Week 3 reflection: Goal setting; September reset; set backs, discouragement, and finding motivation

Writer's picture: bluebonnet-bakesbluebonnet-bakes

All things have their season, and in their times all things pass under heaven.

A time to be born and a time to die.

A time to plant, and a time to pluck up that which is planted.

A time to kill, and a time to heal.

A time to destroy, and a time to build.

A time to weep, and a time to laugh.

A time to mourn, and a time to dance.

A time to scatter stones, and a time to gather.

A time to embrace, and a time to be far form embraces.

A time to get, and a time to lose.

A time to keep, and a time to cast away.

A time to rend, and a time to sew.

A time to keep silence, and a time to speak.

A time of love, and a time of hatred.

A time of war, and a time of peace.

Ecclesiastes 3:1-8

This passage spoke to me. Seasons of life are reality we discuss often, especially to comfort ourselves in times of trials. Right now, I am in a challenging and stressful season. There is a lot of change in my life right now and all too often I am bogged down by stress. I over analyze everything and struggle to take a moment to breathe. But here in Ecclesiastes 3, we see that this is the season I am in. It clearly reads that not all seasons are good and happy, that not all seasons will leave us fulfilled, satisfied, and pleased with ourselves. In fact, it says there is a time to mourn, a time to weep. These are seasons too. There are times in our lives that things won't go to plan, things won't work out the way we wanted them to and the way we have labored so hard for them too. But that won't take away from that season, in fact, I am moved by this line a time to kill, and a time to heal. A time to destroy, and a time to build. Right now, I feel things are being built around me, but I don't feel built. I feel I am being destroyed in my innermost self. Yet, there is a time to heal. I too will have my time to build.

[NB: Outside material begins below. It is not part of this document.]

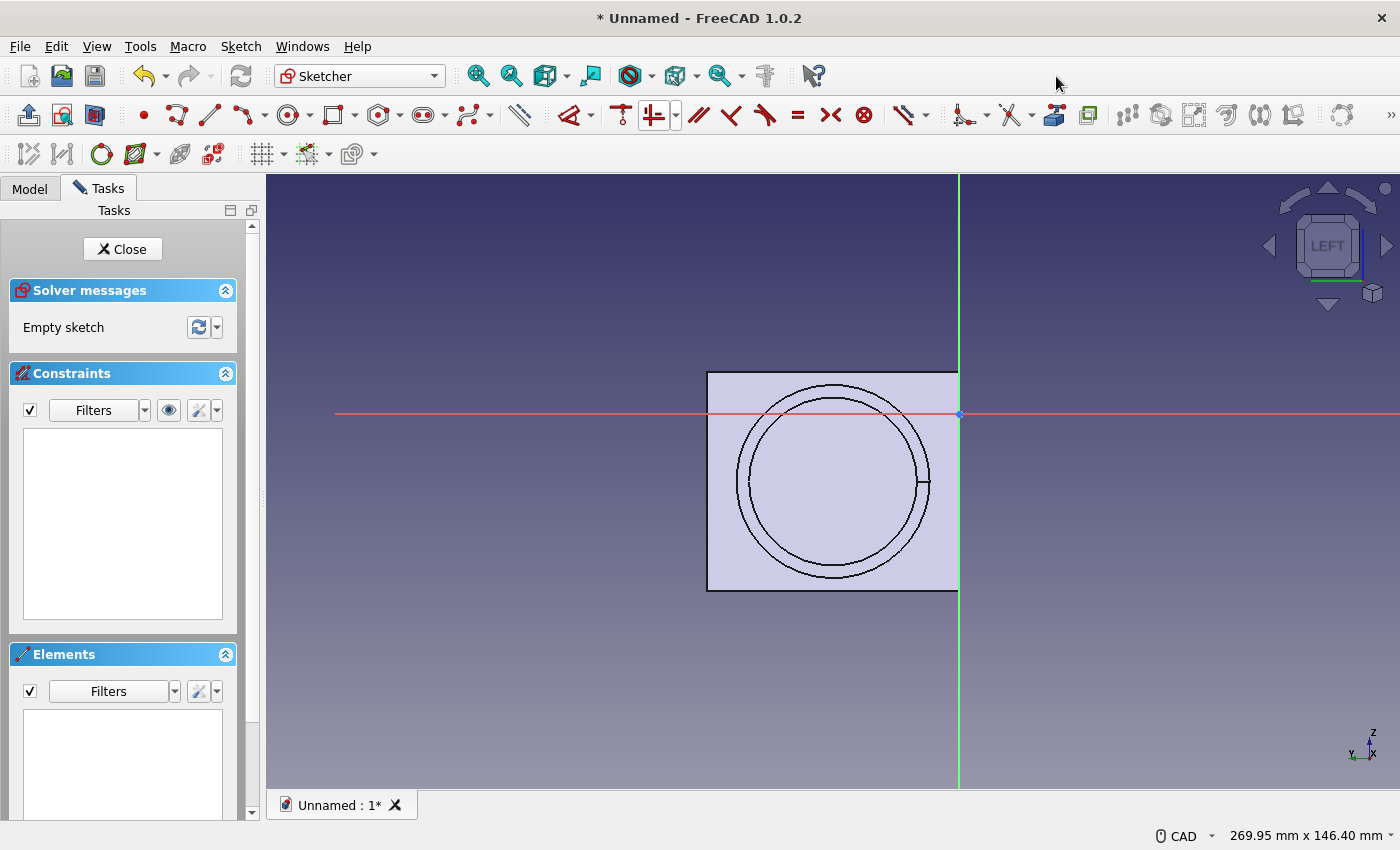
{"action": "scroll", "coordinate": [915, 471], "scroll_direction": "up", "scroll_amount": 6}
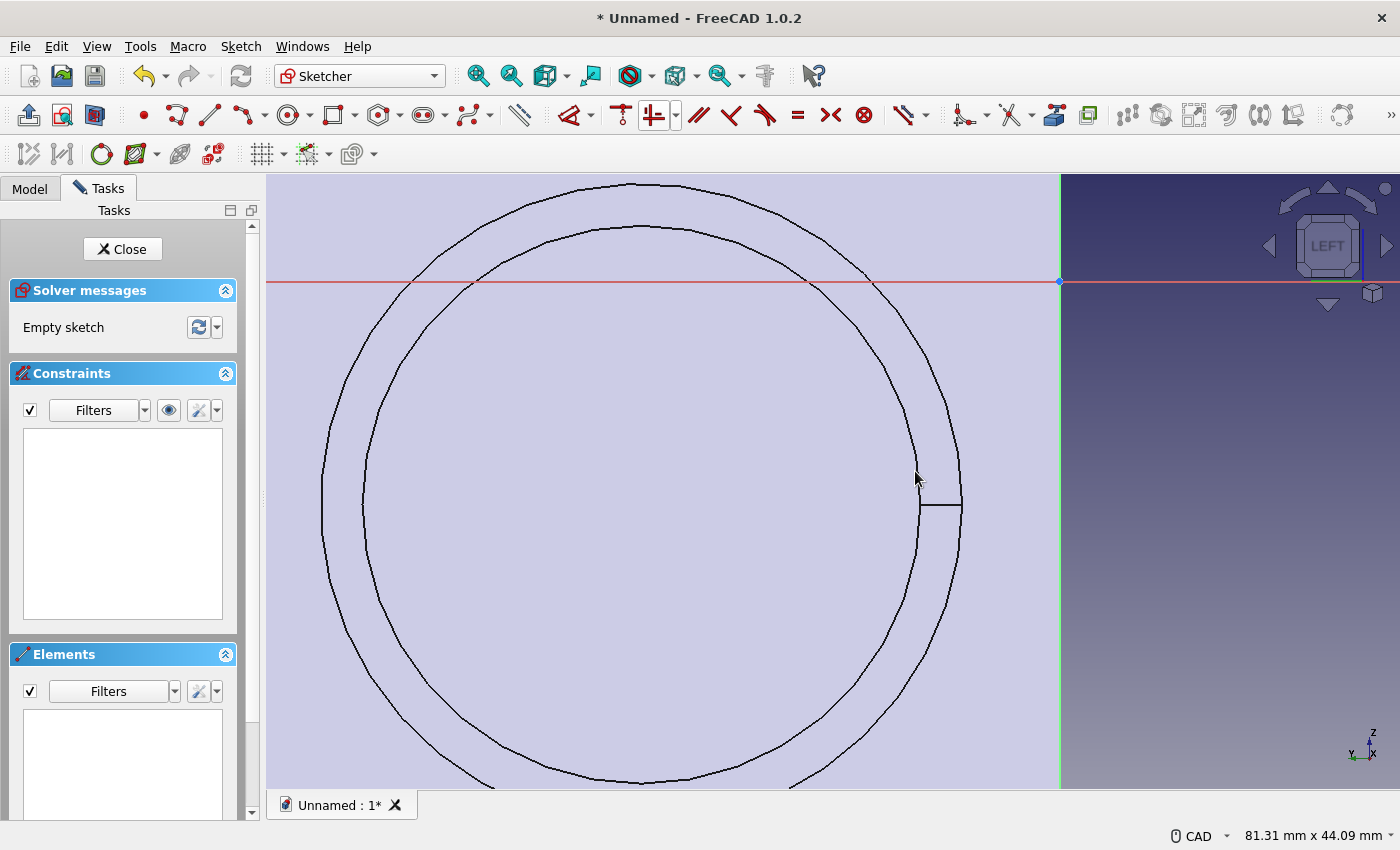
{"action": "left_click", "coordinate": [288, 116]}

And so, today I just want to take a moment to go over a few things that have happened these past two weeks, which I have been absent from.

  1. I didn't take time to meditate and reset my week. This is hard for me. I don't really have it planned into my schedule so I often just forget it, but I want to build a habit of resetting my week each week, and resetting my month each month. on the last day of each month I want to take some time to:

    1. deep clean my home

    2. set up three realistic goals for that month

    3. create a meal plan

    4. lay out my budget

    5. check up each week on how I am doing

  2. I ate healthy... but gained weight. This one is especially hard for me. this is a level of vulnerability that I hate to express. I ate vegetables, fruits, three meals a day, drank plenty of water, kombucha, and more, yet I gained weight. I don't really know how to fix this problem yet, but I need to try and so I will. here's some steps to help myself:

    1. no added sugars

    2. no dairy and gluten (I have bad reactions to these)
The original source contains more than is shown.